After we decided it felt so good to have a definitive answer. I felt free, we returned the green beast (mostly because I didn't want to look at it again) bought some bottles, Tyler researched what would be the best formula for our boy, and we were on our way. Since then, except for writing this, I haven't looked back.
My mother arrived the next week to spend a week babying us and she was so happy to see me looking comfortable and happy. She admitted that she was worried about me because of our previous conversations. One day when she was here I started to explain to her exactly what I had been through and showed her what were were doing and we both began to laugh hysterically. She said "Oh my god Tammy, no wonder you were miserable." At that moment, laughing about it, I felt healed. I'll never forget it (I'm actually tearing up right now remembering it).
Zander is thriving, growing, happy, and healthy. He is a gift to Tyler and I. The big bad container of formula is our friend not our enemy. We love our bottles so much, he kicks his legs when he sees it coming. What I've learned from my experience is 1) Lactation women are self righteous bitches, 2) to give myself a break and remember as long as I'm trying to be the best mom I can, then I am being the BEST mom to Zander and 3) to never judge someone else's decisions about mothering because you never know what they have been threw in their life.

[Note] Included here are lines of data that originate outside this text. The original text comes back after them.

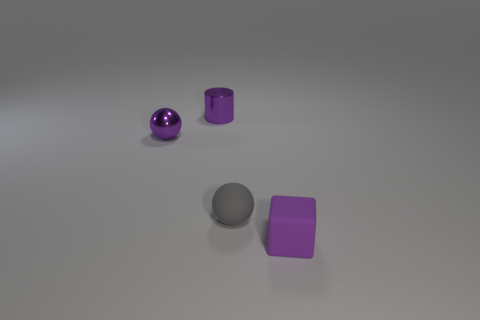What material is the thing that is to the right of the purple sphere and left of the gray thing?
Make the answer very short. Metal. How many other metallic things have the same shape as the tiny gray thing?
Offer a terse response. 1. The small thing in front of the matte thing that is left of the small purple rubber cube is what color?
Offer a very short reply. Purple. Are there an equal number of rubber balls to the right of the gray sphere and large red metal objects?
Ensure brevity in your answer.  Yes. Are there any matte blocks of the same size as the purple cylinder?
Give a very brief answer. Yes. There is a shiny cylinder; does it have the same size as the ball in front of the small purple shiny ball?
Offer a very short reply. Yes. Are there an equal number of tiny gray rubber things to the right of the tiny purple ball and purple cubes left of the small rubber sphere?
Give a very brief answer. No. What shape is the rubber object that is the same color as the tiny metallic sphere?
Offer a terse response. Cube. There is a purple thing that is in front of the purple metal ball; what is its material?
Make the answer very short. Rubber. Do the gray ball and the purple cube have the same size?
Give a very brief answer. Yes. 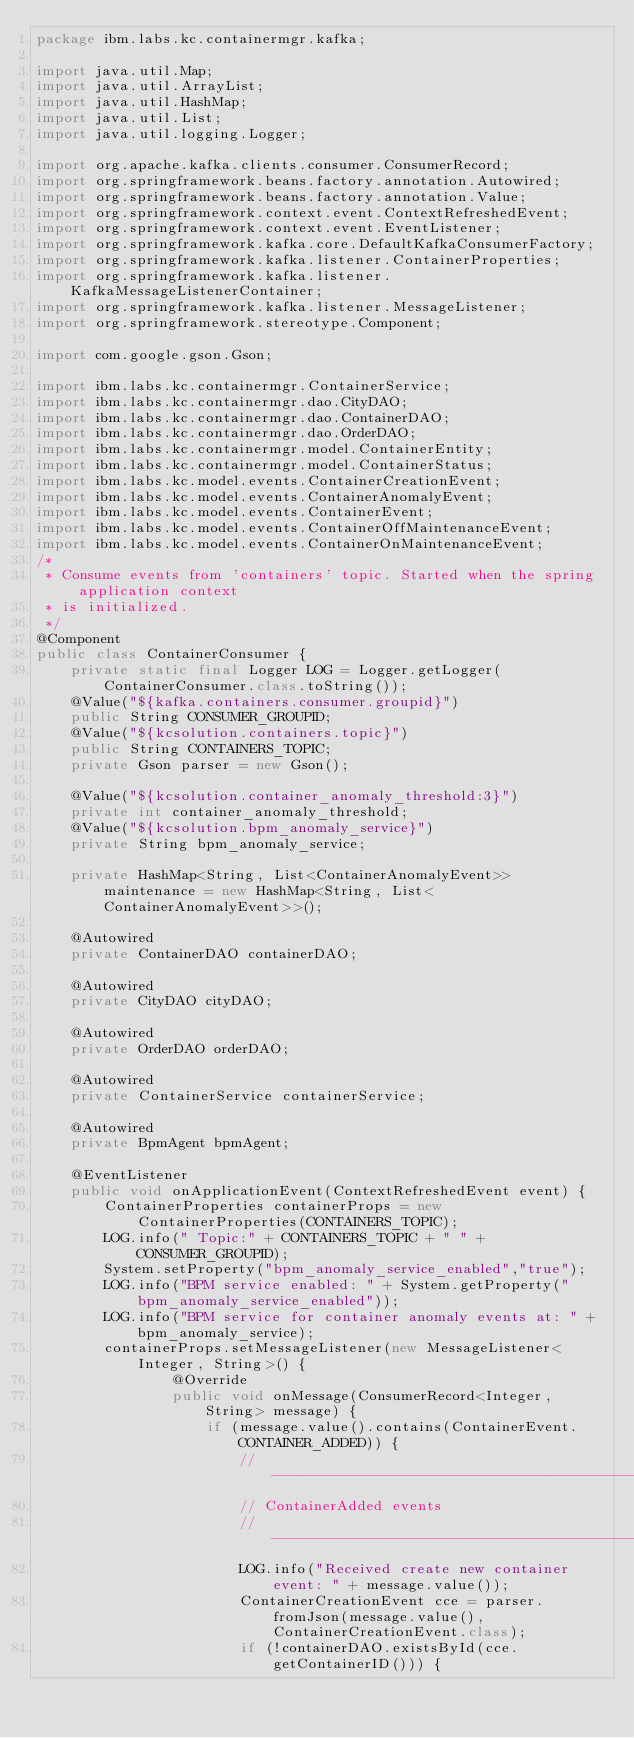<code> <loc_0><loc_0><loc_500><loc_500><_Java_>package ibm.labs.kc.containermgr.kafka;

import java.util.Map;
import java.util.ArrayList;
import java.util.HashMap;
import java.util.List;
import java.util.logging.Logger;

import org.apache.kafka.clients.consumer.ConsumerRecord;
import org.springframework.beans.factory.annotation.Autowired;
import org.springframework.beans.factory.annotation.Value;
import org.springframework.context.event.ContextRefreshedEvent;
import org.springframework.context.event.EventListener;
import org.springframework.kafka.core.DefaultKafkaConsumerFactory;
import org.springframework.kafka.listener.ContainerProperties;
import org.springframework.kafka.listener.KafkaMessageListenerContainer;
import org.springframework.kafka.listener.MessageListener;
import org.springframework.stereotype.Component;

import com.google.gson.Gson;

import ibm.labs.kc.containermgr.ContainerService;
import ibm.labs.kc.containermgr.dao.CityDAO;
import ibm.labs.kc.containermgr.dao.ContainerDAO;
import ibm.labs.kc.containermgr.dao.OrderDAO;
import ibm.labs.kc.containermgr.model.ContainerEntity;
import ibm.labs.kc.containermgr.model.ContainerStatus;
import ibm.labs.kc.model.events.ContainerCreationEvent;
import ibm.labs.kc.model.events.ContainerAnomalyEvent;
import ibm.labs.kc.model.events.ContainerEvent;
import ibm.labs.kc.model.events.ContainerOffMaintenanceEvent;
import ibm.labs.kc.model.events.ContainerOnMaintenanceEvent;
/*
 * Consume events from 'containers' topic. Started when the spring application context
 * is initialized.
 */
@Component
public class ContainerConsumer {
	private static final Logger LOG = Logger.getLogger(ContainerConsumer.class.toString());
	@Value("${kafka.containers.consumer.groupid}")
	public String CONSUMER_GROUPID;
	@Value("${kcsolution.containers.topic}")
  	public String CONTAINERS_TOPIC;
	private Gson parser = new Gson();

	@Value("${kcsolution.container_anomaly_threshold:3}")
	private int container_anomaly_threshold;
	@Value("${kcsolution.bpm_anomaly_service}")
	private String bpm_anomaly_service;

	private HashMap<String, List<ContainerAnomalyEvent>> maintenance = new HashMap<String, List<ContainerAnomalyEvent>>();

	@Autowired
	private ContainerDAO containerDAO;

	@Autowired
	private CityDAO cityDAO;

	@Autowired
	private OrderDAO orderDAO;

	@Autowired
	private ContainerService containerService;

	@Autowired
	private BpmAgent bpmAgent;

	@EventListener
    public void onApplicationEvent(ContextRefreshedEvent event) {
		ContainerProperties containerProps = new ContainerProperties(CONTAINERS_TOPIC);
		LOG.info(" Topic:" + CONTAINERS_TOPIC + " " + CONSUMER_GROUPID);
		System.setProperty("bpm_anomaly_service_enabled","true");
		LOG.info("BPM service enabled: " + System.getProperty("bpm_anomaly_service_enabled"));
		LOG.info("BPM service for container anomaly events at: " + bpm_anomaly_service);
		containerProps.setMessageListener(new MessageListener<Integer, String>() {
		        @Override
		        public void onMessage(ConsumerRecord<Integer, String> message) {
		        	if (message.value().contains(ContainerEvent.CONTAINER_ADDED)) {
						// --------------------------------------------
						// ContainerAdded events
						//---------------------------------------------
						LOG.info("Received create new container event: " + message.value());
						ContainerCreationEvent cce = parser.fromJson(message.value(), ContainerCreationEvent.class);
						if (!containerDAO.existsById(cce.getContainerID())) {</code>

  1. Oh man! I can't believe what a witch the lactation consultant was to you! Yikes! I'm so sorry that you had to go through all of that. Having a newborn is stressful enough, I can't imagine! But just think how much easier it will be with the next one, knowing what you know now. Zander couldn't be more healthy or beautiful.

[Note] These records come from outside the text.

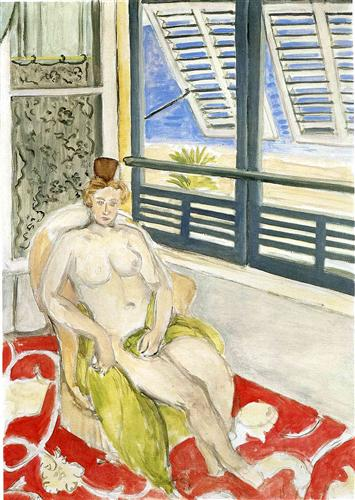What do you see happening in this image?
 The painting captures a scene of tranquility and solitude. A blonde woman, nude and adorned only with a small hat, reclines on a red and white patterned rug. The room she occupies is simple, yet vibrant, with a blue and white tiled floor that adds a touch of coolness to the warm tones of the rug. A solitary green chair stands in the room, its color contrasting with the surrounding hues. The window, framed by blue shutters, offers a glimpse of the outside world, where palm trees sway under the open sky. The painting is executed in a post-impressionist style, characterized by its bold use of color and emphasis on form over detail. The artist's brushwork is evident, adding texture and depth to the scene. Despite the simplicity of the composition, the painting conveys a sense of intimacy and quiet contemplation. 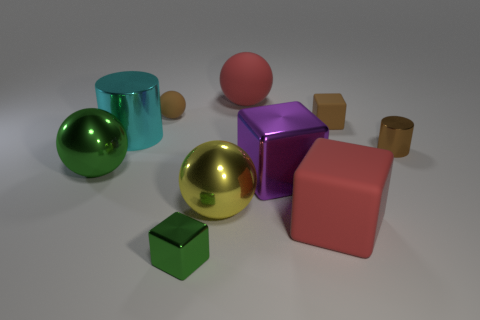Is the number of big blocks that are on the right side of the purple thing greater than the number of large spheres?
Provide a short and direct response. No. Are there any big matte balls that have the same color as the large matte cube?
Provide a short and direct response. Yes. There is a shiny cylinder that is the same size as the brown block; what is its color?
Offer a terse response. Brown. Are there the same number of purple metallic cylinders and small metallic cylinders?
Provide a short and direct response. No. How many tiny brown cylinders are behind the small shiny thing to the right of the tiny green shiny object?
Ensure brevity in your answer.  0. What number of things are either large cyan metal objects left of the yellow metal thing or metallic cylinders?
Provide a short and direct response. 2. How many red blocks have the same material as the big purple block?
Provide a short and direct response. 0. What is the shape of the rubber object that is the same color as the large matte block?
Your response must be concise. Sphere. Is the number of large objects right of the purple shiny object the same as the number of purple balls?
Keep it short and to the point. No. There is a metal object that is behind the small brown metal cylinder; what size is it?
Your response must be concise. Large.

    One thing I wish I had that you have- I wish Cameron could feed the baby. Especially in the middle of the night. It's such a great way to bond. My kids have never taken bottles, but I wish they could sometimes. I also wish that I could go somewhere without the baby, knowing that someone else could feed her. You're lucky! I don't have to wash bottles, but I would trade that for some more flexibility in my life.

  2. Babies need their mommies. That's more important to them than anything else. What a stressful time you went through. Breastfeeding at the beginning is hard enough even when it goes smoothly!I bet Zander was so happy to be able to peacefully cuddle up with his mommy. And you forgot to add the bit about the clueless carpet cleaner dude.

    Oh, and funny enough, I actually had a wonderful lactation consultant. You know how I feel about my birthing experience. From my end, nearly everyone else in the hospital was a self-righteous bitch!

  3. I am so sorry that it was so hard when you first had Zander. It is hard to let go of all those expectations, and just be the best mother that you can be. I love you very much! You are a WONDERFUL MOTHER! Love Michele

  4. So... when do your blog readers get to see the family in their Halloween costumes? I want to see how cute Zander was.

  5. You are generous with your heart in sharing this experience. Lactation is not as important as having a bond with your baby boy. He knows he is loved by his mommy and his daddy. Great teamwork, even through the lactation specialist experience.
    Zander is a lucky boy to have parents who love each other and who love him beyond measure.